- _What this task involves_: Locate the string "expectedSettingsDdevLocation" in the records below. Copy every line where it occurs.

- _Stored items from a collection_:
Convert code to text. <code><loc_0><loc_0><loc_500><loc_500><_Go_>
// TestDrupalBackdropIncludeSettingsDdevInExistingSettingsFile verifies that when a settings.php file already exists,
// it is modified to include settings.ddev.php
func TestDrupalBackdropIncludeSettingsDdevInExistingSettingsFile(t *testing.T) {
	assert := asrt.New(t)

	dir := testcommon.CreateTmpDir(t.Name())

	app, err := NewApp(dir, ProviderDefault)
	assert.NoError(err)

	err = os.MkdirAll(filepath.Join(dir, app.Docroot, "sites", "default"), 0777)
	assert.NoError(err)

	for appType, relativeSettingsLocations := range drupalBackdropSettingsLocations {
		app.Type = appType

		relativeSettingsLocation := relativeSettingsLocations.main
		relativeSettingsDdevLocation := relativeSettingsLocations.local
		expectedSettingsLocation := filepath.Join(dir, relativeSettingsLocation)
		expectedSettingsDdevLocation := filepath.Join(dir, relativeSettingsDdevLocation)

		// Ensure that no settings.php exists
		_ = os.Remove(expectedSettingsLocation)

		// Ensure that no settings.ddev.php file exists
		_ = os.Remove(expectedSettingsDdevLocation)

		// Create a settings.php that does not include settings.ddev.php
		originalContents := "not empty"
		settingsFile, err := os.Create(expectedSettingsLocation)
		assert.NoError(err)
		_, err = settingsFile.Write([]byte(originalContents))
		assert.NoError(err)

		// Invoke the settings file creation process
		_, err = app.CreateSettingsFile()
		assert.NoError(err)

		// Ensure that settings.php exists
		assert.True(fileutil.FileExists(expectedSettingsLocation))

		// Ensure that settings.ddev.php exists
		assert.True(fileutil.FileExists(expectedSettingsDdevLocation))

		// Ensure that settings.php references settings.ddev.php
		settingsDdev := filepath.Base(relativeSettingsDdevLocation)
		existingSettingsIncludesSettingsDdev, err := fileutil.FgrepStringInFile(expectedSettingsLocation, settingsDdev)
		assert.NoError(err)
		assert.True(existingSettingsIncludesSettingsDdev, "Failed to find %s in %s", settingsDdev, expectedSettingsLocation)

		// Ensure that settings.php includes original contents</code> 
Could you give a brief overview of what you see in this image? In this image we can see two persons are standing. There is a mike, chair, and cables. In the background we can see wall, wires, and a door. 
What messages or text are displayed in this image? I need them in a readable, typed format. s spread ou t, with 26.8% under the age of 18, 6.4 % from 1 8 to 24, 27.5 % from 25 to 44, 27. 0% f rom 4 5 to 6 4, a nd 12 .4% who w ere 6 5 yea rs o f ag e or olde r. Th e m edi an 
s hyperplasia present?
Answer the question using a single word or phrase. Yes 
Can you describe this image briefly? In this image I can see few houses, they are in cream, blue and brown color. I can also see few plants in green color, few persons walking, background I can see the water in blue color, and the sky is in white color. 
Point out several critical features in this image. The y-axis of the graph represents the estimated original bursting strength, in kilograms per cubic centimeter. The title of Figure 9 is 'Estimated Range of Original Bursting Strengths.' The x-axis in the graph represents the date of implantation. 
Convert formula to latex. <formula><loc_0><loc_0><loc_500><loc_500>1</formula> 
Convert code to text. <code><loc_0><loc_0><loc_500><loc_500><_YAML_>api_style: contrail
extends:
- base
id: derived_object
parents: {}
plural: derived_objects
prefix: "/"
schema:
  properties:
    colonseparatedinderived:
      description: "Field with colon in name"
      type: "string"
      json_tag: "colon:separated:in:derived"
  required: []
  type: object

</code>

- _Finished exercise_:
		expectedSettingsDdevLocation := filepath.Join(dir, relativeSettingsDdevLocation)
		_ = os.Remove(expectedSettingsDdevLocation)
		assert.True(fileutil.FileExists(expectedSettingsDdevLocation))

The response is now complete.